▶ _Work required_
Copy out each line below containing "object".

── Extracted information ──

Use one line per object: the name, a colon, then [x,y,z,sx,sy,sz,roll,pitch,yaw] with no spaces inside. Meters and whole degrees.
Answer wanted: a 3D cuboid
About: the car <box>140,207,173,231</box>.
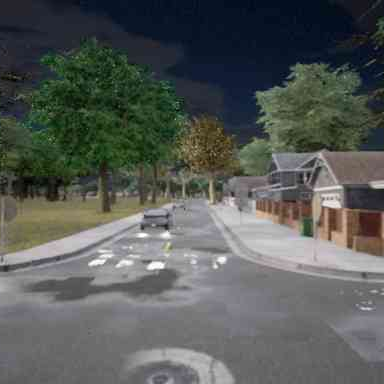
car: [-2.320,1.787,22.669,1.812,1.442,4.674,0,0,1]
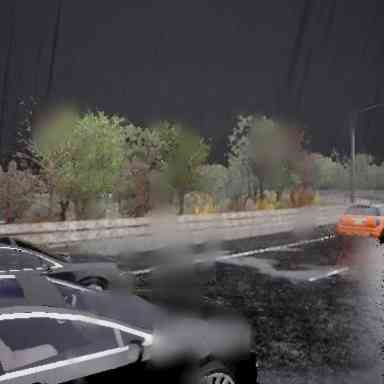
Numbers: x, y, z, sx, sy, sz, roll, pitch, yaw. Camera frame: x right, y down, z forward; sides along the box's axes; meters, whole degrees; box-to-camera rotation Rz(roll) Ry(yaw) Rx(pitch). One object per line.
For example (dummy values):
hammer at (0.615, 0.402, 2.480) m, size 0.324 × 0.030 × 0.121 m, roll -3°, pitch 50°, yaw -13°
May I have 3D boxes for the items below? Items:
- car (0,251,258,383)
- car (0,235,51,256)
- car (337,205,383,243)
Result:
car at (-1.551, 1.493, 2.782) m, size 4.902 × 1.511 × 2.128 m, roll 0°, pitch 0°, yaw -35°
car at (-3.490, 1.507, 5.687) m, size 4.892 × 1.490 × 1.837 m, roll 0°, pitch 0°, yaw -35°
car at (9.066, 1.407, 16.605) m, size 2.097 × 1.767 × 4.553 m, roll 0°, pitch 0°, yaw 45°
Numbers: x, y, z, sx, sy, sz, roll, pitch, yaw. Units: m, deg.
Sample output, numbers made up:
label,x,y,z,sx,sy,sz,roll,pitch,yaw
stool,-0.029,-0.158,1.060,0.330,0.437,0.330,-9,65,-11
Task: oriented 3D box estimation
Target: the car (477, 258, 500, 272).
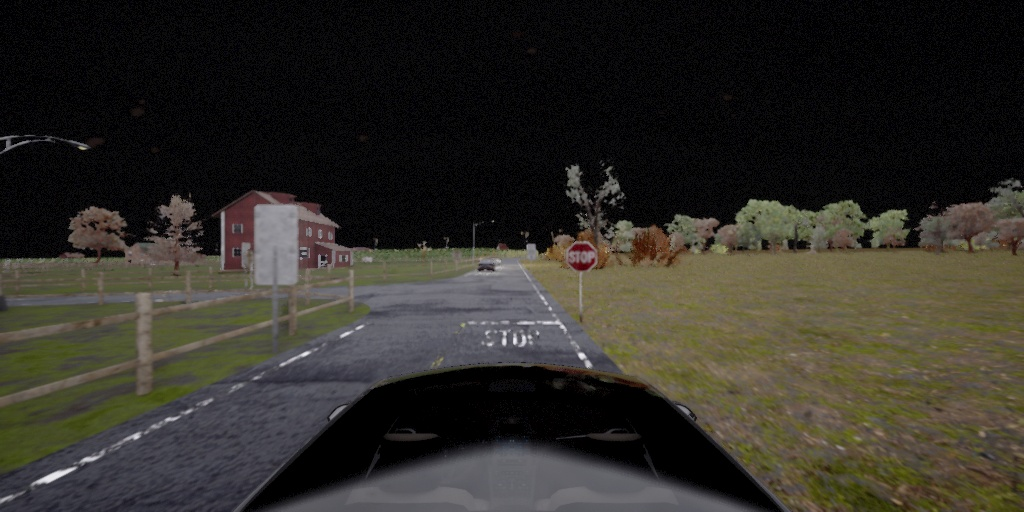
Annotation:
label,x,y,z,sx,sy,sz,roll,pitch,yaw
car,-2.760,1.041,39.819,2.033,1.411,5.357,0,1,0
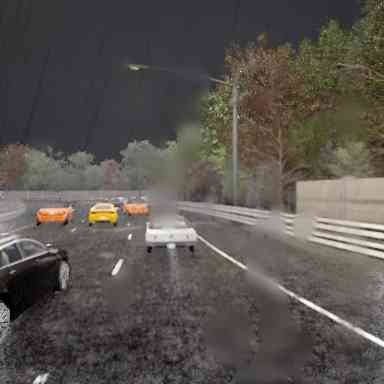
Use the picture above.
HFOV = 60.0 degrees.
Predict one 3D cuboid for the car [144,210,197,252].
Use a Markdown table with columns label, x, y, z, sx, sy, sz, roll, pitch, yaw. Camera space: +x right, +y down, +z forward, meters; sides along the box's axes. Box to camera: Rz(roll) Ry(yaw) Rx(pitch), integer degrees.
| label | x | y | z | sx | sy | sz | roll | pitch | yaw |
| --- | --- | --- | --- | --- | --- | --- | --- | --- | --- |
| car | -1.019 | 1.674 | 14.245 | 1.895 | 1.301 | 4.718 | 0 | 0 | -7 |

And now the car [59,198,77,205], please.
| label | x | y | z | sx | sy | sz | roll | pitch | yaw |
| --- | --- | --- | --- | --- | --- | --- | --- | --- | --- |
| car | -27.446 | 2.007 | 73.290 | 2.128 | 1.511 | 4.902 | 0 | 0 | -41 |

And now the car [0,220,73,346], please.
| label | x | y | z | sx | sy | sz | roll | pitch | yaw |
| --- | --- | --- | --- | --- | --- | --- | --- | --- | --- |
| car | -3.771 | 1.540 | 6.162 | 2.128 | 1.511 | 4.902 | 0 | 0 | -3 |

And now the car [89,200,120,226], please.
| label | x | y | z | sx | sy | sz | roll | pitch | yaw |
| --- | --- | --- | --- | --- | --- | --- | --- | --- | --- |
| car | -6.698 | 1.630 | 25.234 | 1.882 | 1.535 | 5.008 | 0 | 0 | -14 |

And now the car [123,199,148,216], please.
| label | x | y | z | sx | sy | sz | roll | pitch | yaw |
| --- | --- | --- | --- | --- | --- | --- | --- | --- | --- |
| car | -5.989 | 1.549 | 35.129 | 2.097 | 1.767 | 4.553 | 0 | 0 | -18 |

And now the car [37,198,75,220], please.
| label | x | y | z | sx | sy | sz | roll | pitch | yaw |
| --- | --- | --- | --- | --- | --- | --- | --- | --- | --- |
| car | -10.366 | 1.524 | 25.500 | 2.097 | 1.767 | 4.553 | 0 | 0 | -14 |
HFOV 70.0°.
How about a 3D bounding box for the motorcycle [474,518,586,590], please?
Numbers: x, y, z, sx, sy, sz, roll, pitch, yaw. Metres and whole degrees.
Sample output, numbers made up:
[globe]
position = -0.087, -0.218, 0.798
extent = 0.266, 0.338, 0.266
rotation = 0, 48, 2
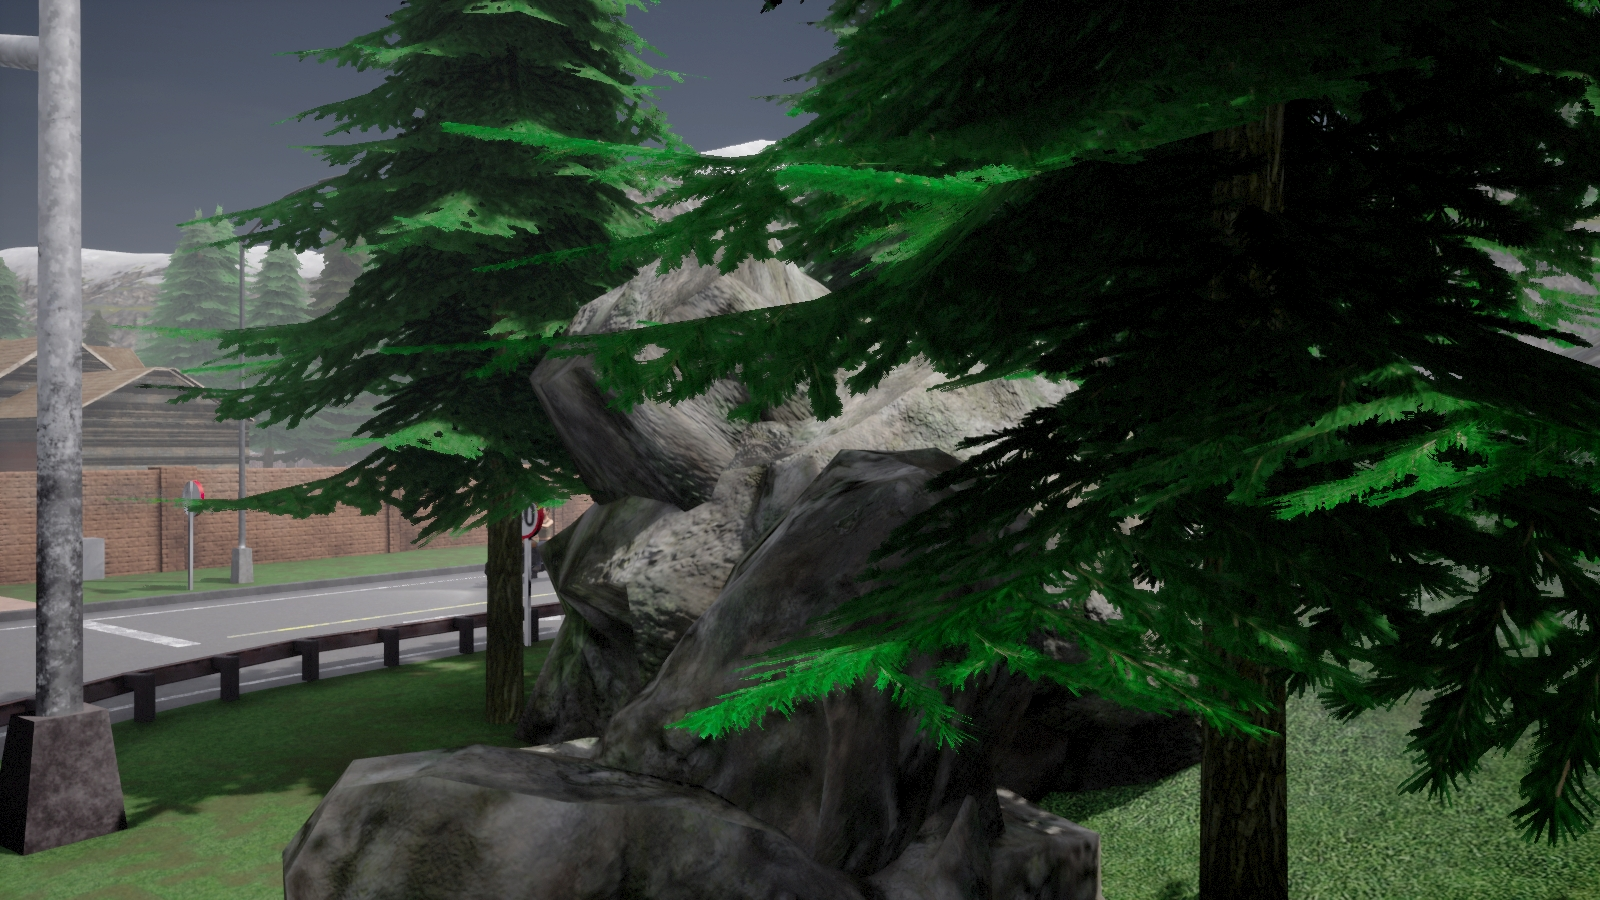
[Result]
[motorcycle]
position = -5.636, 2.150, 24.014
extent = 0.764, 1.277, 2.356
rotation = 0, 0, 36

───

▶ _Task output_
Use one line per object: the name, a colon, then [x,y,z,sx,sy,sz,roll,pitch,yaw] with no spaces inside. Meters and whole degrees.
Numbers: x, y, z, sx, sy, sz, roll, pitch, yaw. Camera frame: x right, y down, z forward; sides along the box's axes; meters, whole degrees; box-to-camera rotation Rz(roll) Ry(yaw) Rx(pitch). One object per line.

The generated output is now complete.